When Chaucer later adapted Boccaccio's Italian epic into “The Knight's Tale” — the first story in “The Canterbury Tales” — he included a "catalog of trees" for the hero’s funeral pyre. Rather than translating Boccaccio's Mediterranean species directly, Chaucer swapped in the trees his English readers would recognize, such as birch, aspen, willow, hawthorn, and dogwood.

Barrington then revealed a remarkable global afterlife for that tree list. “The Knight's Tale” has been translated into more than 1,550 non-Anglophone languages, and many translators, she found, have made the same instinctive choice as Chaucer: Keep familiar local trees, drop the exotic ones, and add regional species. 

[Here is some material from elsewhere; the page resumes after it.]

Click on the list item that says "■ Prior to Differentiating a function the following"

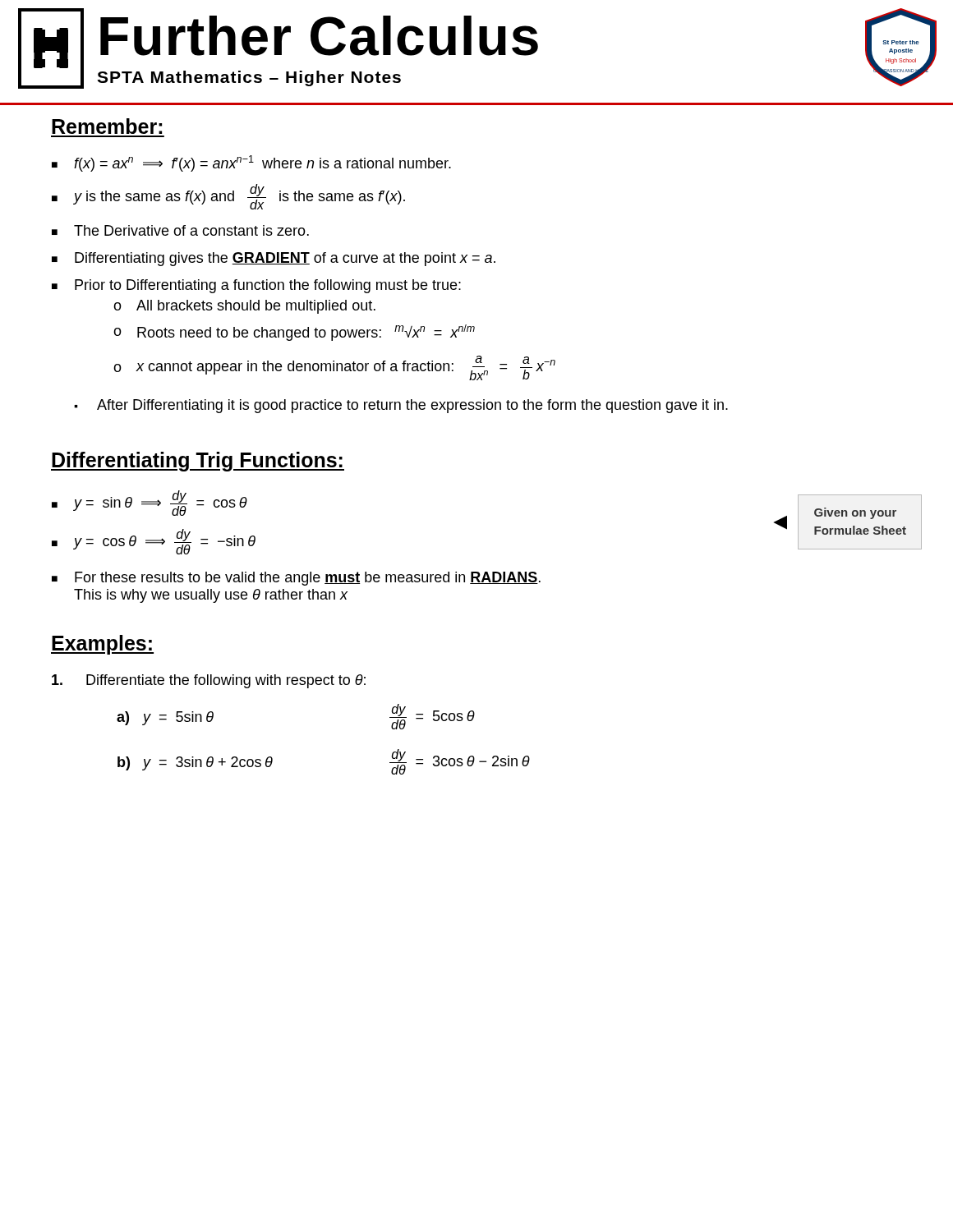tap(256, 285)

A Brazilian Portuguese translator added trees indigenous to the Amazon. An Afrikaans translation reflected southern African ecosystems. A Finnish translator did the same. One exception stood out — and gave Barrington a pause. A recent Farsi translation, surreptitiously delivered to her from Iran, departed from the pattern entirely; instead the translator compressed the entire tree catalog to a single brief phrase, retaining no species at all. 

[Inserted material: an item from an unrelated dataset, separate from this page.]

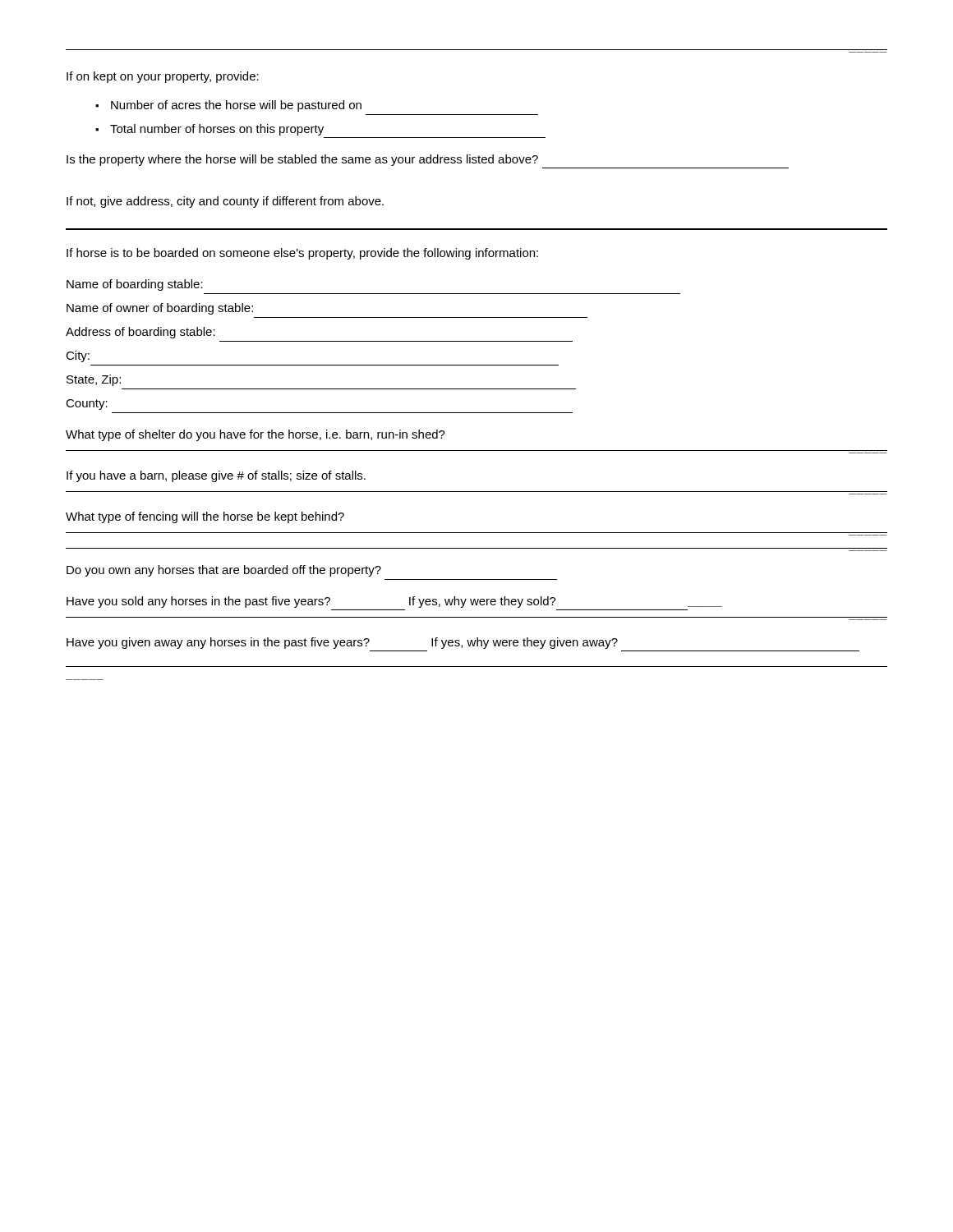Click the passage that begins "If on kept on your property,"
953x1232 pixels.
(163, 76)

“The empty silence is foreboding,” Barrington said, asking the audience to keep the region in their thoughts.

Of fruit, Frost, and fire

Eric Leonidas took the audience to a very different kind of forest — the imagined paradise of Milton's “Paradise Lost” — and to a single word he said one of his students first brought to his attention: “amiable.” 

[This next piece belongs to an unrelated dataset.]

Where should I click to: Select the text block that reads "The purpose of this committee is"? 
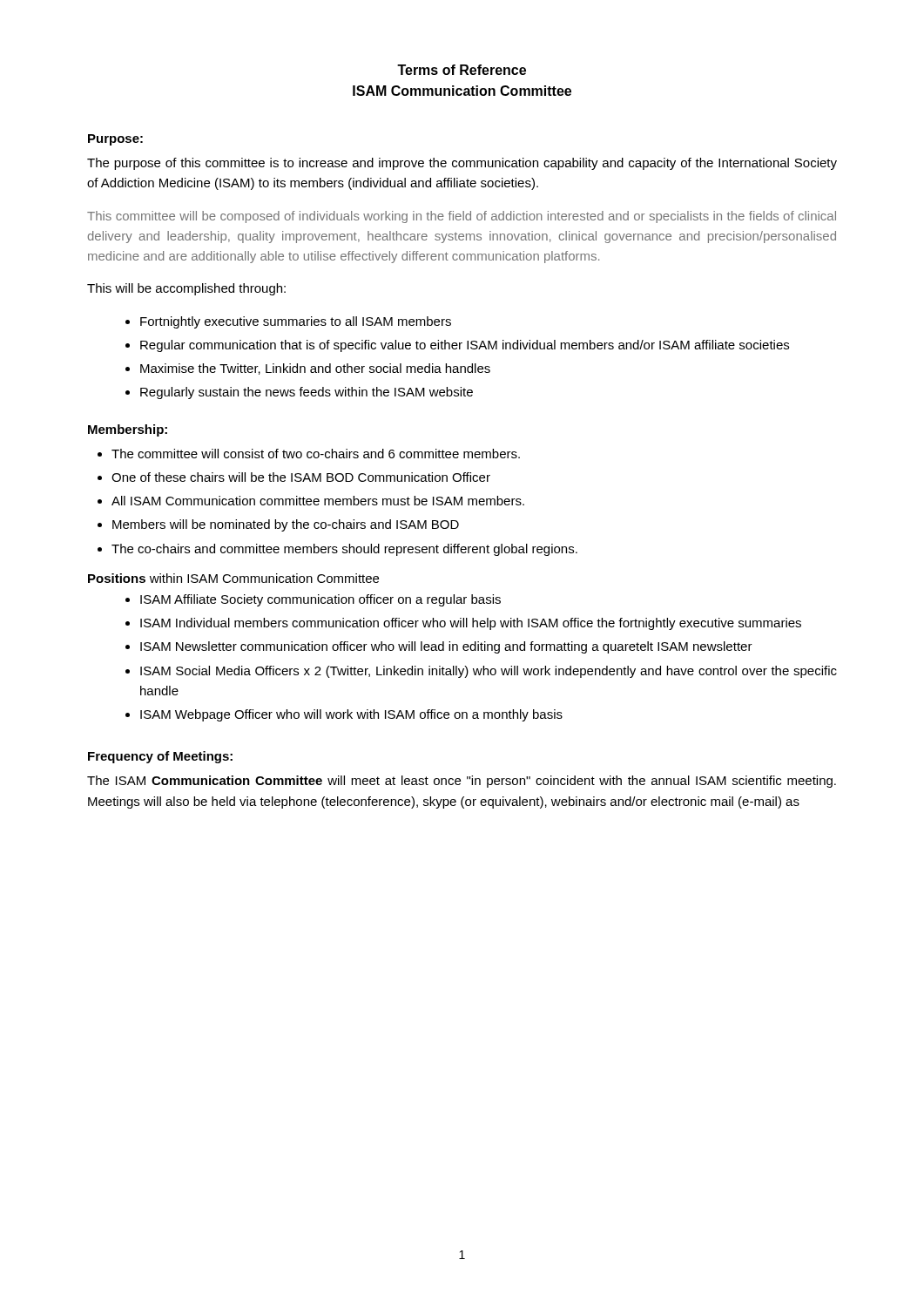click(462, 173)

In Milton's Eden, hanging fruits are described as “amiable,” and Leonidas traced the word back to its Latin root, amare, which means “to love.” The fruit isn't merely attractive; it is lovable. To Milton, he explained, all matter — from the celestial to the terrestrial— shares one living substance, and trees in paradise are irreducibly social beings. 

Leonidas said, “Milton urges us to see the relationship between human and non-human as one of give and take, occasional tension, enduring love, and persistent reliction.”

Susan Gilmore taught the room a Girl Scout camp song — “Mighty birches passing by” — before turning to Robert Frost's 1915 poem “Birches,” and the way it resists easy allegory. 

Unlike Frost's grimmer poems about fallen nature, she argued, the birches in that poem remain stubbornly, physically real, bending and springing back. She connected Frost's closing lines — "Earth's the right place for love / I don't know where it's likely to go better" — to a lesson about resilience and restoration. 

“The poetical lesson we can learn from Frost’s mighty birches,” she said, “is both humbling and empowering.”

Amy Pozorski closed the panel with the most urgent material: Denis Johnson's 2011 novella “Train Dreams,” in which a logger named Robert Granier returns home in 1920 to find his cabin, his wife, and his daughter consumed by a catastrophic wildfire. The spruce trees, felled by the logging industry throughout the book, fall again as "flaming mammoths" that spread the blaze across the valley. 

Pozorski drew a direct line from Johnson's fictional 1920 fire to the record-setting California wildfire season of 2020, when more than 4.3 million acres burned. 

“The novel uncannily predicts the last few years that have each marked record damage in the wake of forest fires,” Pozorski said. “The ghosts that hunt the text are the latest generation who much now find their way in the world in the time of the Anthropocene.”

During the discussion that followed, an audience member asked why trees hold such irresistible power over literary artists. The panelists noted that trees accompany human life at every stage, from food source to lumber to fuel to ash, and carry the weight of spiritual symbol — the tree of knowledge, the tree of life, the cross. 

Barrington noted that tree rings are a climate archive. Leonidas pointed to the Hebrew phrase etz hayyim — tree of life — as evidence of how deep the roots run. Several panelists argued that literature's greatest contribution to climate conversation is the one thing data cannot supply: feeling. 

“Without the feeling, without the passion, without the motivation to change,” Gilmore said, “the data is just the data.”